Unnamed: 0,Date,Store,Promo,StateHoliday,SchoolHoliday
40232,2015-08-01,1,0,False,1
39376,2015-08-02,1,0,False,1
38520,2015-08-03,1,1,False,1
37664,2015-08-04,1,1,False,1
36808,2015-08-05,1,1,False,1


In [99]:
columns = ['Date', 'Store', 'Promo', 'StateHoliday', 'SchoolHoliday']
test_df = test[columns]

fld = 'SchoolHoliday'
test_df = test_df.sort_values(['Store', 'Date'])
get_elapsed(fld, 'After', df=test_df)
test_df = test_df.sort_values(['Store', 'Date'], ascending=[True, False])
get_elapsed(fld, 'Before', df=test_df)

fld = 'StateHoliday'
test_df = test_df.sort_values(['Store', 'Date'])
get_elapsed(fld, 'After', df=test_df)
test_df = test_df.sort_values(['Store', 'Date'], ascending=[True, False])
get_elapsed(fld, 'Before', df=test_df)

fld = 'Promo'
test_df = test_df.sort_values(['Store', 'Date'])
get_elapsed(fld, 'After', df=test_df)
test_df = test_df.sort_values(['Store', 'Date'], ascending=[True, False])
get_elapsed(fld, 'Before', df=test_df)

test_df = test_df.set_index("Date")

columns = ['SchoolHoliday', 'StateHoliday', 'Promo']

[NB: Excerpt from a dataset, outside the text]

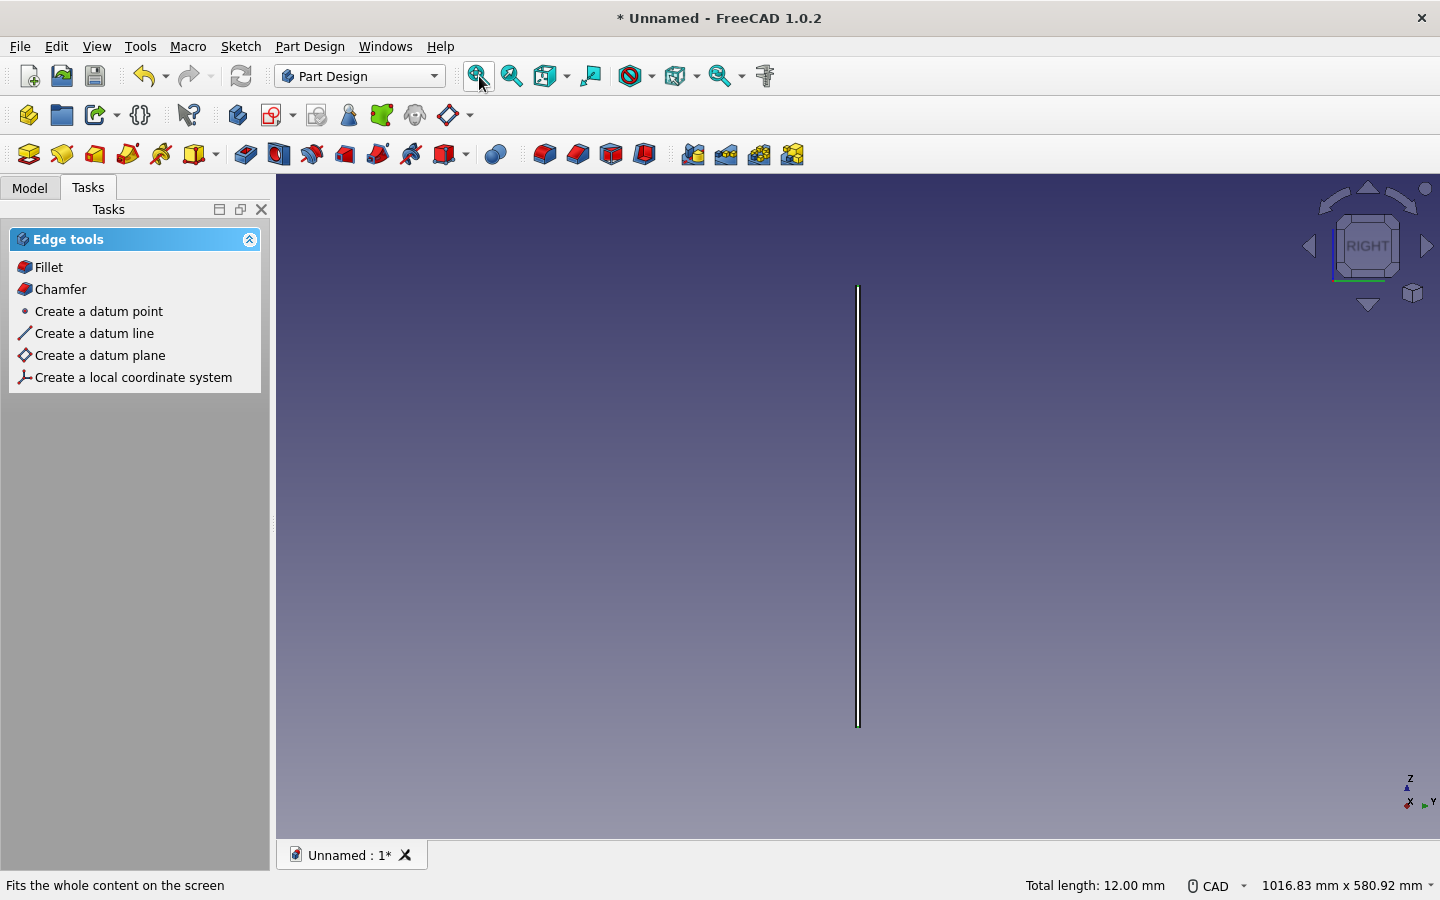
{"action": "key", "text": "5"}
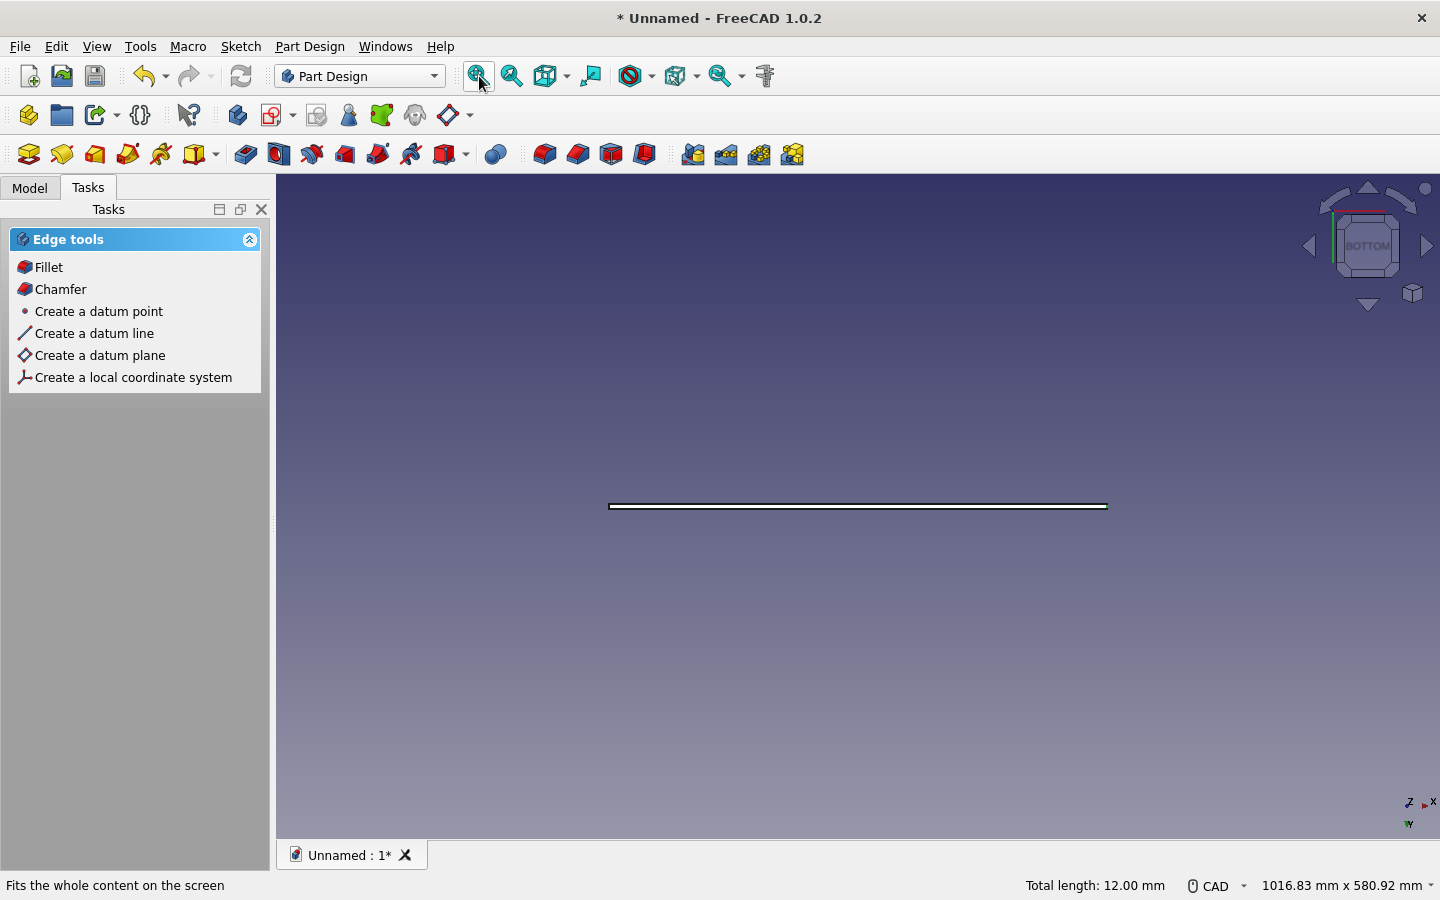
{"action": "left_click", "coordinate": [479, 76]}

for o in ['Before', 'After']:
    for p in columns:
        a = o + p
        test_df[a] = test_df[a].fillna(0).astype(int)
        
bwd = test_df[['Store'] + columns].sort_index().groupby("Store").rolling(7, min_periods=1).sum()
fwd = test_df[['Store'] + columns].sort_index(ascending=False).groupby("Store").rolling(7, min_periods=1).sum()
    
bwd.drop('Store',1,inplace=True)
bwd.reset_index(inplace=True)

fwd.drop('Store',1,inplace=True)
fwd.reset_index(inplace=True)

test_df.reset_index(inplace=True)

test_df = test_df.merge(bwd, 'left', ['Date', 'Store'], suffixes=['', '_bw'])
test_df = test_df.merge(fwd, 'left', ['Date', 'Store'], suffixes=['', '_fw'])

test_df.drop(columns,1,inplace=True)

test_df.to_feather(f'{PATH}test_df')
test_df = pd.read_feather(f'{PATH}test_df')

test_df["Date"] = pd.to_datetime(test_df.Date)

joined_test = join_df(joined_test, test_df, ['Store', 'Date'])

joined_test.reset_index(inplace=True)

joined_test.to_feather(f'{PATH}joined_test')

* Fairly typical set of steps for dealing with structured data.